Model_psm3 <- lm(c5r2mtsc_std~catholic+w3income_1k+p5numpla+w3momed_hsb, data=psm3_data)

stargazer(Model_psm3, type="text", title="Table 5", 
          align=TRUE, dep.var.labels = "Standard Math Score",  covariate.labels=c("Catholic", "Family Income", "Number of places the student has lived for at least 4 months", "Mother's Education"),
          keep.stat = c("n", "adj.rsq"))
## 
## Table 5
## ========================================================================================
##                                                                  Dependent variable:    
##                                                              ---------------------------
##                                                                  Standard Math Score    
## ----------------------------------------------------------------------------------------
## Catholic                                                              -0.217***         
##                                                                        (0.040)          
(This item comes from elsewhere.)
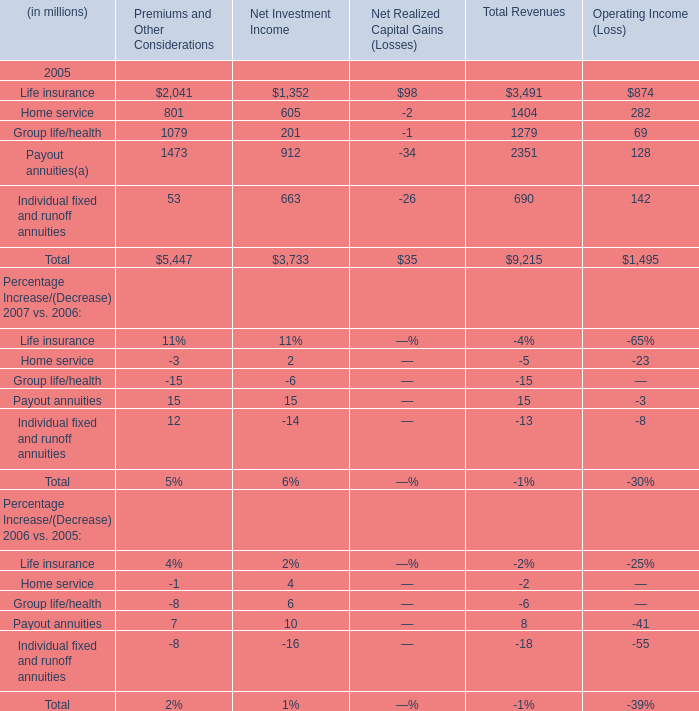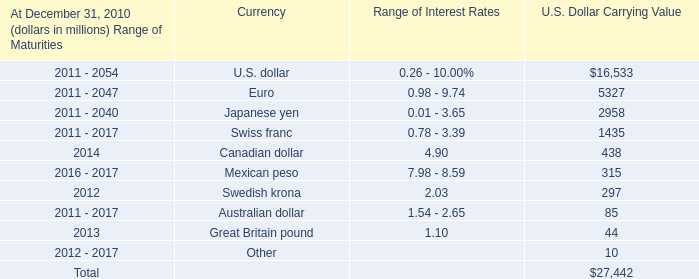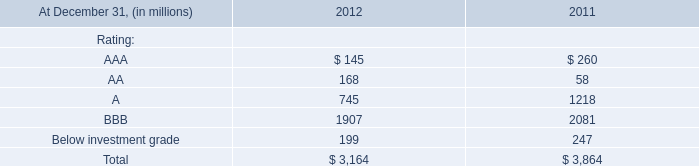What is the ratio of Life insurance to the total in 2005 for Premiums and Other Considerations? 
Computations: (2041 / 5447)
Answer: 0.3747.

##                                                                                         
## Family Income                                                         0.004***          
##                                                                       (0.0005)          
##                                                                                         
## Number of places the student has lived for at least 4 months           -0.041           
##                                                                        (0.069)          
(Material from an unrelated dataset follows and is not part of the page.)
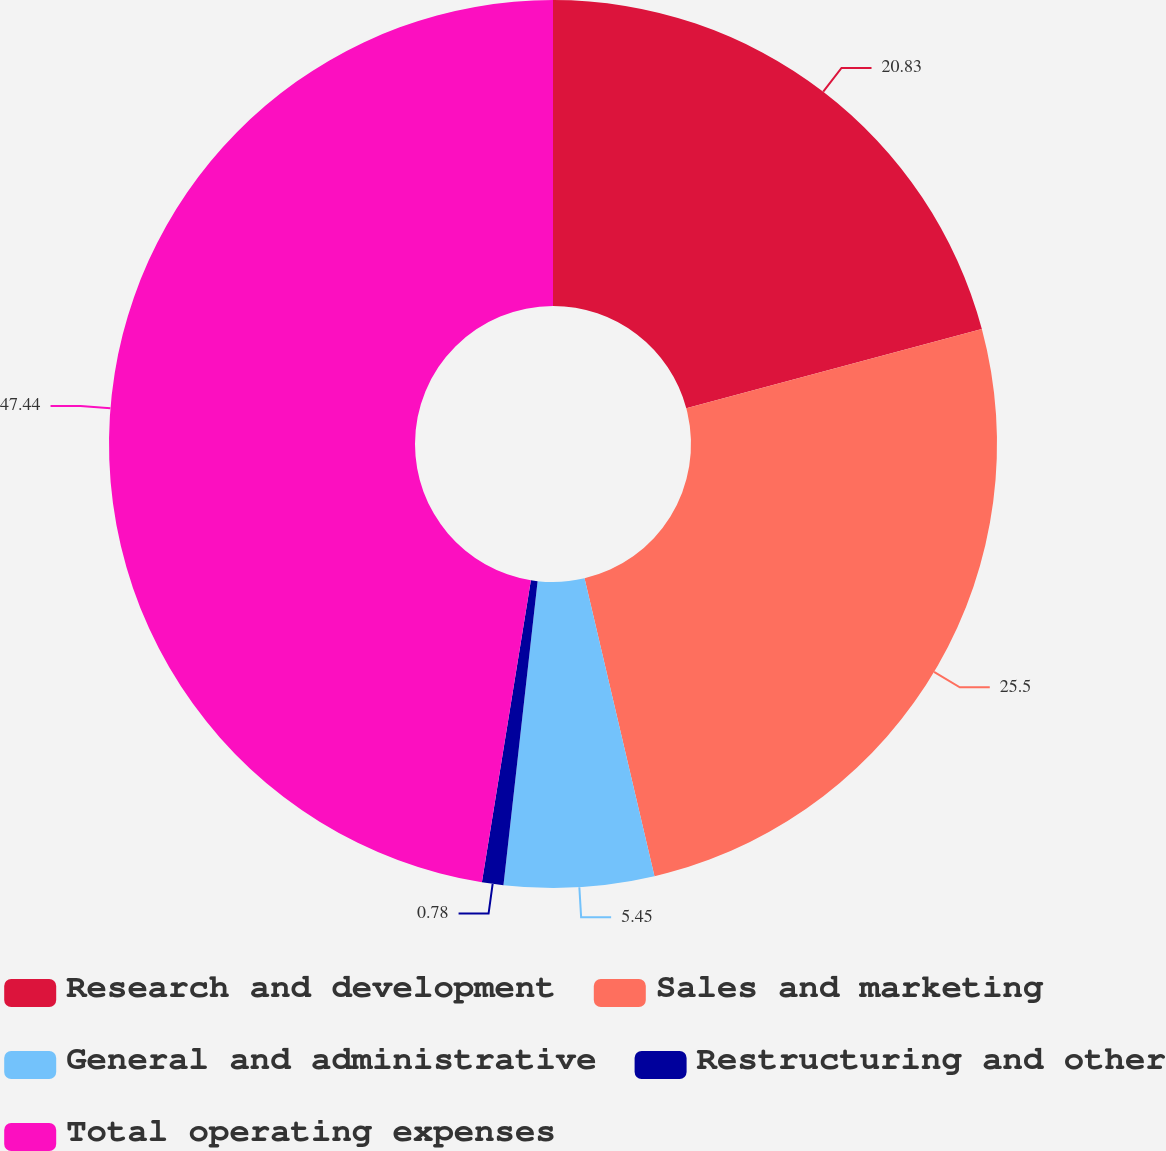<chart> <loc_0><loc_0><loc_500><loc_500><pie_chart><fcel>Research and development<fcel>Sales and marketing<fcel>General and administrative<fcel>Restructuring and other<fcel>Total operating expenses<nl><fcel>20.83%<fcel>25.5%<fcel>5.45%<fcel>0.78%<fcel>47.44%<nl></chart>

##                                                                                         
## Mother's Education                                                    -0.315***         
##                                                                        (0.051)          
##                                                                                         
## Constant                                                               0.198**          
##                                                                        (0.091)          
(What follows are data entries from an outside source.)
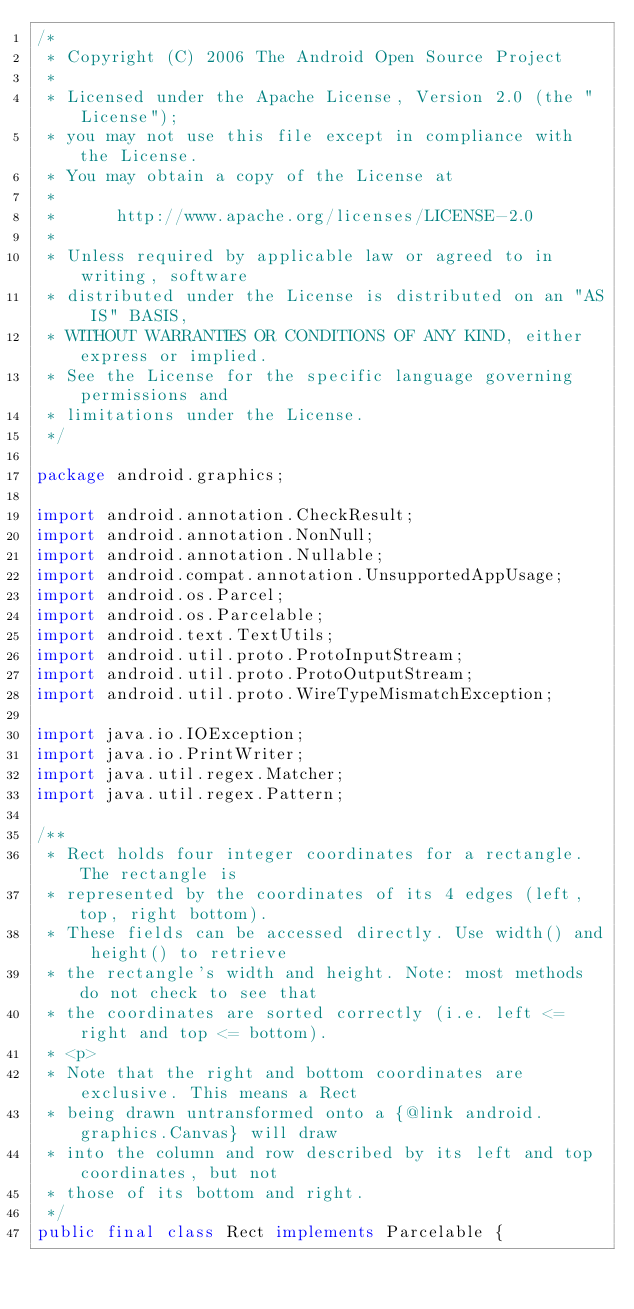Convert code to text. <code><loc_0><loc_0><loc_500><loc_500><_Java_>/*
 * Copyright (C) 2006 The Android Open Source Project
 *
 * Licensed under the Apache License, Version 2.0 (the "License");
 * you may not use this file except in compliance with the License.
 * You may obtain a copy of the License at
 *
 *      http://www.apache.org/licenses/LICENSE-2.0
 *
 * Unless required by applicable law or agreed to in writing, software
 * distributed under the License is distributed on an "AS IS" BASIS,
 * WITHOUT WARRANTIES OR CONDITIONS OF ANY KIND, either express or implied.
 * See the License for the specific language governing permissions and
 * limitations under the License.
 */

package android.graphics;

import android.annotation.CheckResult;
import android.annotation.NonNull;
import android.annotation.Nullable;
import android.compat.annotation.UnsupportedAppUsage;
import android.os.Parcel;
import android.os.Parcelable;
import android.text.TextUtils;
import android.util.proto.ProtoInputStream;
import android.util.proto.ProtoOutputStream;
import android.util.proto.WireTypeMismatchException;

import java.io.IOException;
import java.io.PrintWriter;
import java.util.regex.Matcher;
import java.util.regex.Pattern;

/**
 * Rect holds four integer coordinates for a rectangle. The rectangle is
 * represented by the coordinates of its 4 edges (left, top, right bottom).
 * These fields can be accessed directly. Use width() and height() to retrieve
 * the rectangle's width and height. Note: most methods do not check to see that
 * the coordinates are sorted correctly (i.e. left <= right and top <= bottom).
 * <p>
 * Note that the right and bottom coordinates are exclusive. This means a Rect
 * being drawn untransformed onto a {@link android.graphics.Canvas} will draw
 * into the column and row described by its left and top coordinates, but not
 * those of its bottom and right.
 */
public final class Rect implements Parcelable {</code>

##                                                                                         
## ----------------------------------------------------------------------------------------
## Observations                                                            1,860           
## Adjusted R2                                                             0.081           
## ========================================================================================
## Note:                                                        *p<0.1; **p<0.05; ***p<0.01

After Lasso Matching, the math core for students going to catholic school is lower by 0.217 points than non-catholic school students at 1% level of significance

# Original Matching 
plot(sort_psm_data$distance, sort_psm_data$pr_score, type = "b", frame = FALSE, pch = 19, 
     col = "red", xlab = "x", ylab = "y")
# Lasso Matching 
lines(psm3_data$distance, psm3_data$pr_score1, pch = 18, col = "blue", type = "b", lty = 2)
# Add a legend to the plot
legend("topleft", legend=c("Original Matching", "Lasso Matching"),
       col=c("red", "blue"), lty = 1:2, cex=0.8)

From the above graph, we can see that lasso matching is not different than original matching.